Tuberculosis (TB) persists as one of the world's deadliest infectious diseases, claiming the lives of 1.6 million people in 2021 (World Health Organization, 2022). It is noteworthy that TB stands as one of the oldest infectious diseases to afflict humanity, a fact substantiated by numerous paleopathology studies (Donoghue, 2016, Buzic and Giuffra, 2020). Over the past few decades, the public health challenge posed by TB has markedly escalated due to the emergence and dissemination of strains resistant to both first-line and second-line drugs (World Health Organization, 2022). Consequently, there is an imperative need for sustained research efforts aimed at the development of new antitubercular agents and therapies.

Ethionamide (ETO) is one of the antibiotics recommended by the World Health Organization for the treatment of drug-resistant TB. Functioning as a prodrug, ETO requires bioactivation to unleash its antibacterial potential. The active form, of the antibiotic is an ETO-NAD adduct that targets the InhA protein (Banerjee et al., 1994), resulting in a potent inhibition of mycolic acid biosynthesis, the major membrane component of Mycobacterium tuberculosis (Mtb) (Wang et al., 2007, Vale et al., 2013). The mycobacterial Baeyer-Villiger monooxygenase (BVMO) EthA was the first enzyme identified as a biological activator of the prodrug ETO. The regulation of its gene expression is controlled by the transcriptional repressor EthR (Baulard et al., 2000, Engohang-Ndong et al., 2004). Various small synthetic molecules have thus been developed to thwart the binding of EthR to DNA, thereby releasing EthA production and forcing bacteria to produce the ETO-NAD active form in greater quantity (Willand et al., 2009, Tanina et al., 2019, Willand et al., 2019). Notably, the co-administration of ethionamide and the EthR ligand BDM41906 has been assessed both in vitro and in vivo, revealing the ability of this ligand to boost the antibacterial activity of ETO against Mtb (Costa-Gouveia et al., 2017, Villemagne et al., 2020).

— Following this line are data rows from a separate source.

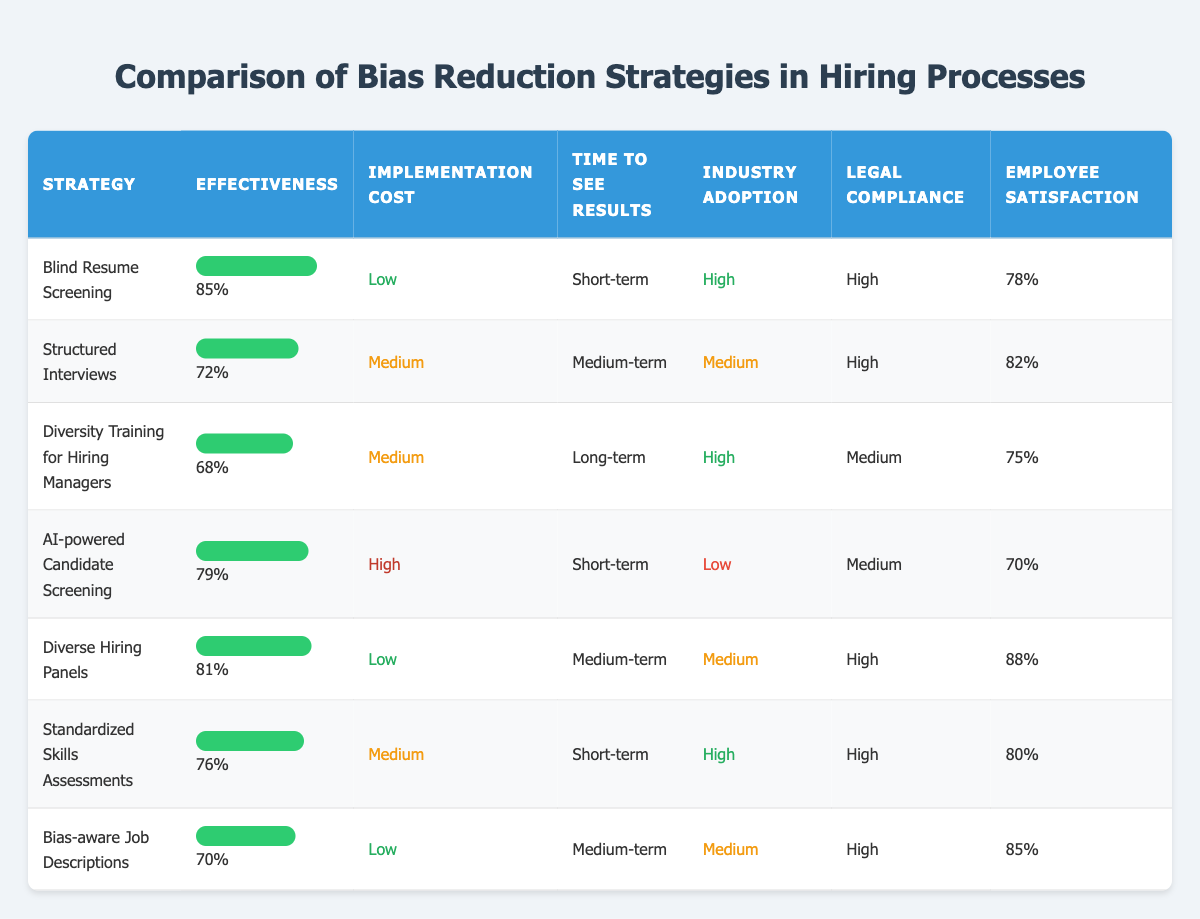What is the effectiveness percentage of Blind Resume Screening? The table lists Blind Resume Screening with an effectiveness of 85%. This can be directly retrieved from the table without further calculations.
Answer: 85% Which strategy has the highest employee satisfaction? By examining the employee satisfaction column, Diverse Hiring Panels has the highest score at 88%. This is straightforward as it is the maximum value in that column.
Answer: 88% Is the implementation cost of AI-powered Candidate Screening low? The implementation cost listed for AI-powered Candidate Screening is high. Hence, the answer to whether it is low is no.
Answer: No What is the average effectiveness of the strategies that have high industry adoption? The strategies with high industry adoption are Blind Resume Screening, Diversity Training for Hiring Managers, Standardized Skills Assessments, and Diverse Hiring Panels. Their effectiveness scores (85, 68, 76, 81) can be summed up to 310. Since there are four strategies, the average is 310/4 = 77.5.
Answer: 77.5 Which strategies have medium-term time to see results? Looking at the time to see results column, the strategies listed for medium-term are Structured Interviews, Diverse Hiring Panels, and Bias-aware Job Descriptions. These can be identified directly by checking this column for the medium-term label.
Answer: Structured Interviews, Diverse Hiring Panels, Bias-aware Job Descriptions How many strategies have both high legal compliance and low implementation cost? The strategies that fulfill both criteria are Blind Resume Screening and Diverse Hiring Panels. This involves checking each strategy against both columns and finding the matches. Hence, there are 2 strategies that meet the criteria.
Answer: 2 Do all strategies with high effectiveness also have high industry adoption? The table reveals that while Blind Resume Screening (85% effectiveness) and Standardized Skills Assessments (76% effectiveness) have high industry adoption, AI-powered Candidate Screening (79% effectiveness) has low industry adoption. Therefore, the answer is no.
Answer: No What is the difference in effectiveness between the strategy with the highest and the one with the lowest scores? Blind Resume Screening has the highest effectiveness at 85%, while Diversity Training for Hiring Managers has the lowest at 68%. The difference is calculated as 85 - 68 = 17.
Answer: 17 Which strategy has the lowest employee satisfaction among those with a medium implementation cost? Among the strategies with a medium implementation cost, the employee satisfaction scores are 82% for Structured Interviews, 75% for Diversity Training for Hiring Managers, and 80% for Standardized Skills Assessments. Therefore, the lowest is found in Diversity Training for Hiring Managers at 75%.
Answer: 75% 
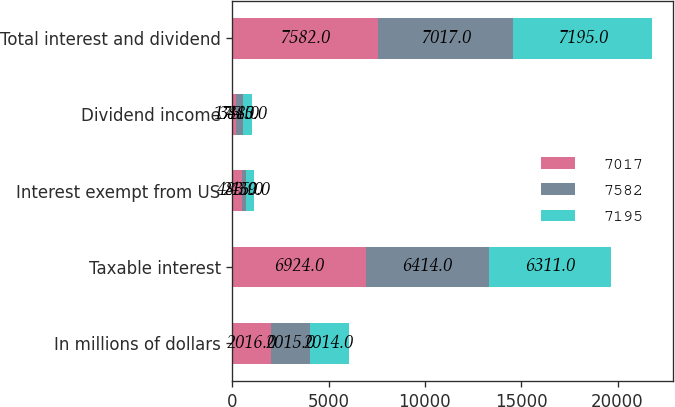Convert chart. <chart><loc_0><loc_0><loc_500><loc_500><stacked_bar_chart><ecel><fcel>In millions of dollars<fcel>Taxable interest<fcel>Interest exempt from US<fcel>Dividend income<fcel>Total interest and dividend<nl><fcel>7017<fcel>2016<fcel>6924<fcel>483<fcel>175<fcel>7582<nl><fcel>7582<fcel>2015<fcel>6414<fcel>215<fcel>388<fcel>7017<nl><fcel>7195<fcel>2014<fcel>6311<fcel>439<fcel>445<fcel>7195<nl></chart>

A second pathway involved in the bioactivation of ETO has been recently unveiled (Grant et al., 2016). MymA, the pivotal enzyme of this pathway, is encoded within an operon composed of 7 genes (Rv3083-Rv3089), collectively known as the mymA operon. This operon is under the control of the AraC-like regulator VirS (Rv3082c) (Singh et al., 2003).

Concurrently, our recent drug design campaign has identified a chemical series of compounds targeting VirS (Flipo et al., 2022). The lead compound, named SMARt751, exhibits a remarkable potency to enhance the efficacy of ETO, both in vitro and in mouse models of acute and chronic TB (Flipo et al., 2022). In addition, SMARt751 has demonstrated the ability to overcome acquired resistances to ETO in clinical strains that bear mutations in ethA.